Serial Assessment of Sympathetic Reinnervation After Orthotopic Heart Transplantation
A Longitudinal Study Using PET and C-11 Hydroxyephedrine
Background—Little is known about the progressiveness of sympathetic reinnervation late after cardiac transplantation (HTX). The aim of the present study was to describe individual growth of sympathetic terminals after HTX by a longitudinal quantitative assessment.
Methods and Results—In 20 patients after HTX, dynamic PET with C-11 hydroxyephedrine (HED) was performed twice within 3.0±0.5 years. According to the time interval between HTX and first PET, subgroups of patients early (group A, <1.5 years; n=7), intermediate (group B, 1.5 to 7 years; n=7) and late (group C, >7 years; n=6) after HTX were defined. At the time of first HED PET, 10 patients were completely denervated (7 in group A, 2 in group B, and 1 in group C). Only 3 remained denervated at second PET. A significant increase of reinnervated myocardium between first and second PET was found in all 3 groups (0% to 9±9% of left ventricle for group A, P<0.05; 13±12% to 23±17% for group B, P<0.05; 21±21% to 37±23% for group C, P<0.05). The magnitude of increase was similar between groups. Reinnervation was first surveyed in the basal anterior region, then toward apex, septal, and lateral wall. Inferior wall remained denervated. The largest reinnervated area surveyed in an individuum was 66% of the left ventricle.
Conclusions—The present data confirm the low likelihood of sympathetic reinnervation within 18 months after HTX. Once the reinnervation process is initiated, a continuous growth is observed even late after HTX, suggesting a progressive nature of reinnervation. Reinnervation, however, remained regionally heterogeneous, and a complete restoration was not found until 15 years after HTX.
At cardiac transplantation, postganglionic sympathetic nerve fibers of the donor heart are interrupted, causing rapid depletion of norepinephrine within the nerve terminal and resulting in complete denervation.1
Various approaches have been applied to demonstrate subsequent restoration of cardiac catecholamine uptake and storage sites after heart transplantation (HTX) in humans.
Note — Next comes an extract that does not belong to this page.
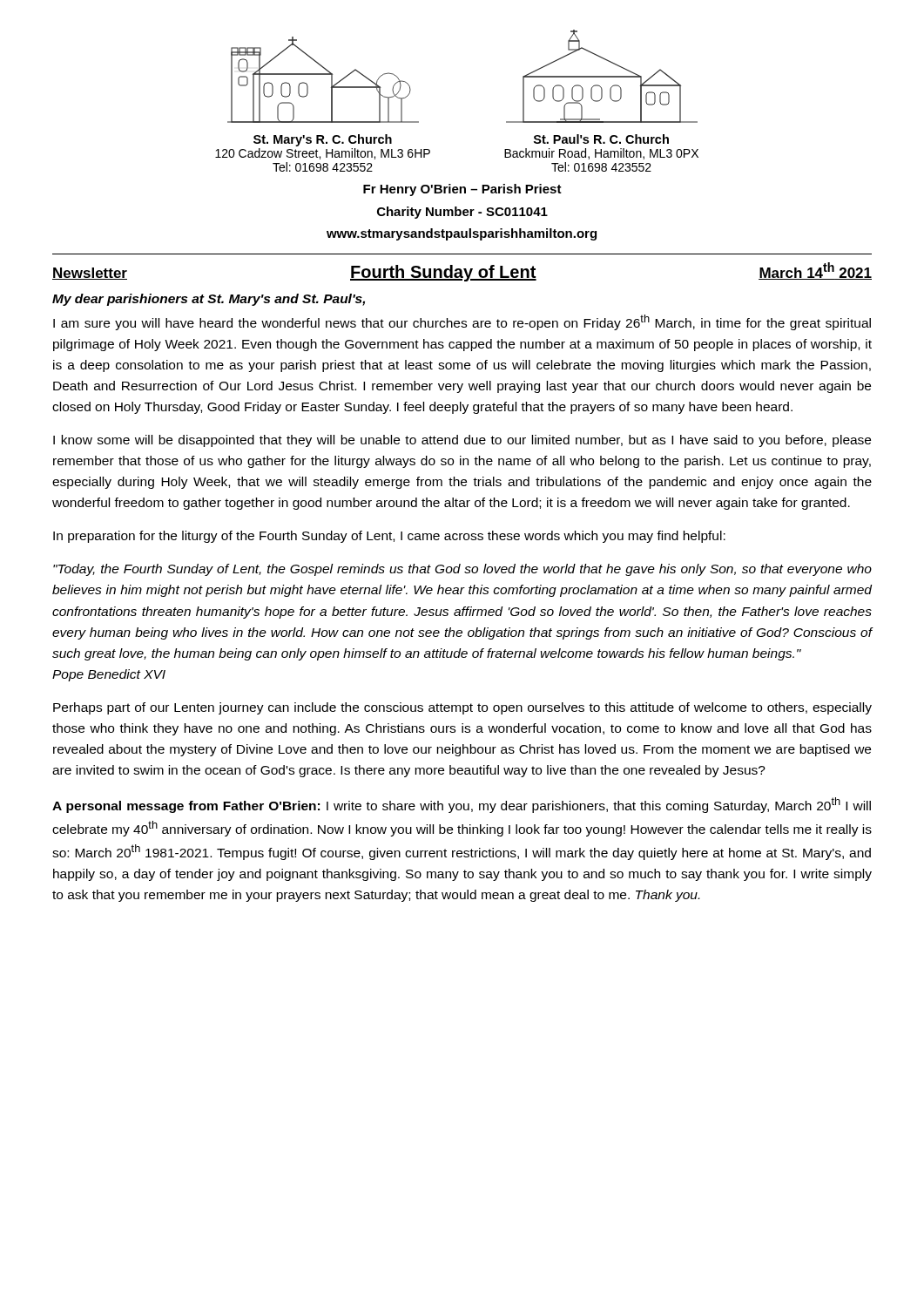
Task: Click the title
Action: pyautogui.click(x=462, y=272)

Evidence for sympathetic reinnervation has been derived from invasive measurements of transcardiac norepinephrine spillover,2 from power spectral analysis of heart rate variability,3 and from radionuclide studies using catecholamine-analogues such as radioiodinated metaiodobenzylguanidine,4 or the positron emitter C-11 hydroxyephedrine (HED).5 These studies confirmed complete denervation within the first year after HTX. The prevalence of signs of reinnervation increased later after HTX, but complete restoration of innervation to normal levels was not found, suggesting that sympathetic reinnervation remains incomplete.
Despite this incomplete pattern, the potential clinical importance of reinnervation has been supported by demonstration of its relevance for regulation of myocardial blood flow6 7 and by an association of reinnervation with improved exercise performance compared with denervated patients.8
However, questions regarding the progressive nature of reinnervation late after HTX remain, as most of the previous studies were cross-sectionally designed. Currently, little is known about the individual development of localization, extent and density of sympathetic nerve terminals. Quantitative measurements of regional sympathetic reinnervation have not yet been applied longitudinally. It remains unclear whether a constant growth is found once the reinnervation process is initiated or whether a standstill or even decrease of the ingrowth of sympathetic fibers occurs late after HTX.
It was thus the aim of the present study to longitudinally assess sympathetic reinnervation in a series of patients at different time points after HTX. PET and HED were applied for noninvasive global and regional quantification of the individual reappearance and growth of sympathetic innervation.
Patients and Study Design
From a group of 47 patients enrolled in a previous cross-sectional study with PET and HED,9 20 patients (2 women, 18 men) at various time points after orthotopic heart transplantation were asked to undergo a second PET study approximately 3 years later.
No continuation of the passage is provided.